__Problem to solve__
All records below are to be set down precisely as written, excluding pictures.

Records excerpted from a collection:
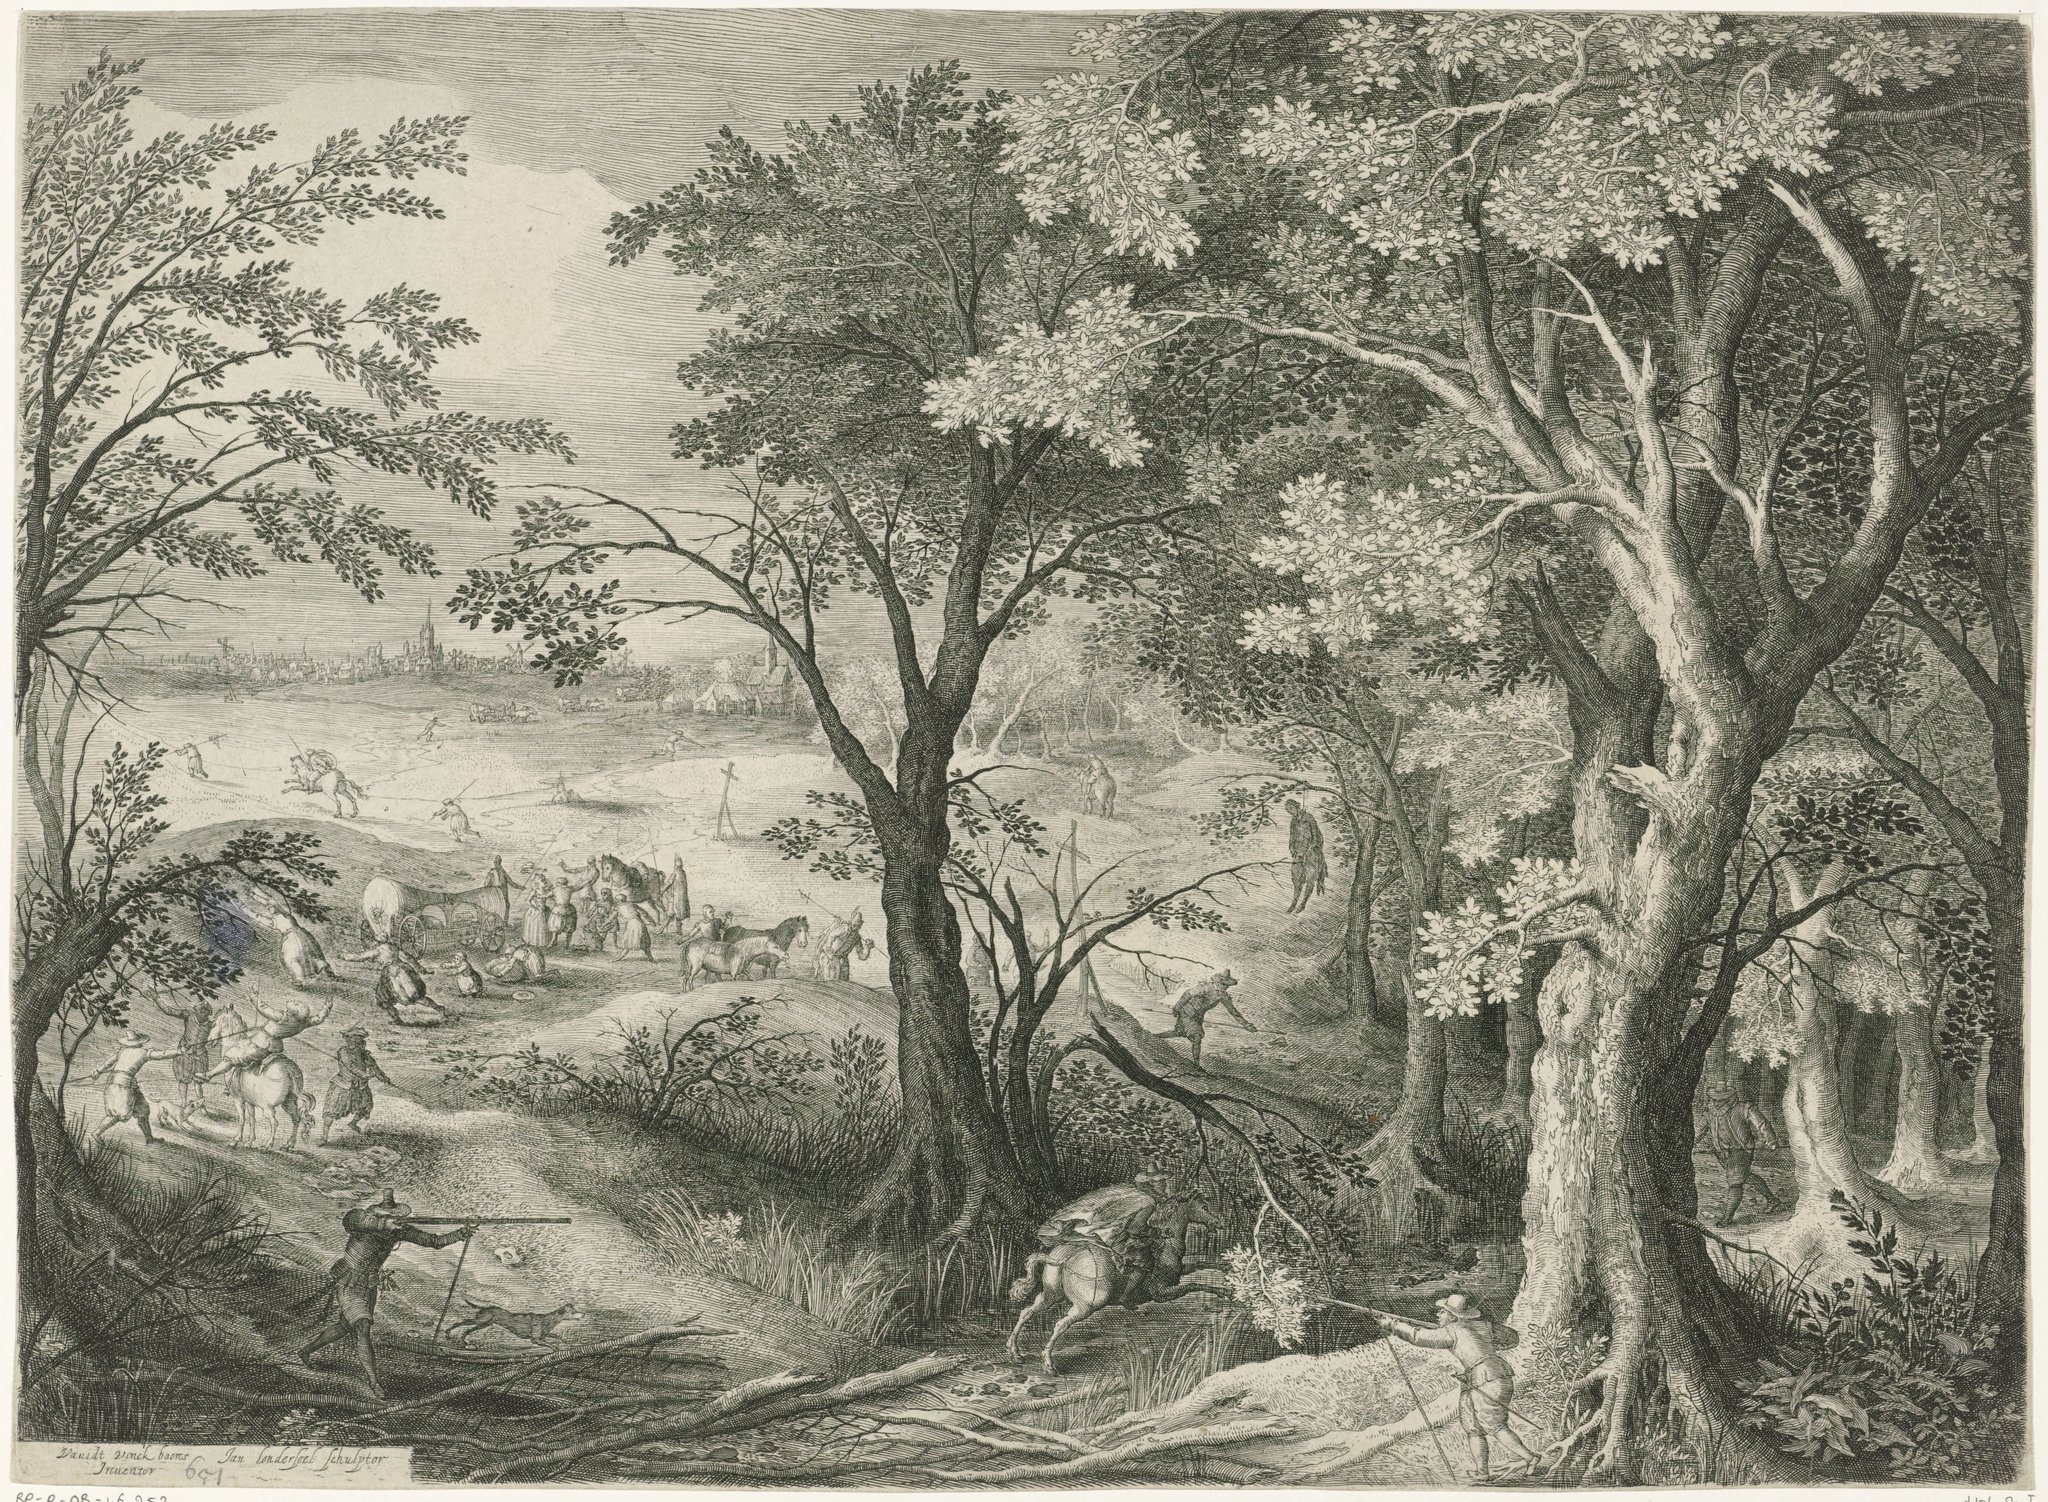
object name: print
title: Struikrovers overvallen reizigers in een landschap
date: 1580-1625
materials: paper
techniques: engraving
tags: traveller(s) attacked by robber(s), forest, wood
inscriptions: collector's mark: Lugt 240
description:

__Response__
object name: print
title: Struikrovers overvallen reizigers in een landschap
date: 1580-1625
materials: paper
techniques: engraving
tags: traveller(s) attacked by robber(s), forest, wood
inscriptions: collector's mark: Lugt 240
description:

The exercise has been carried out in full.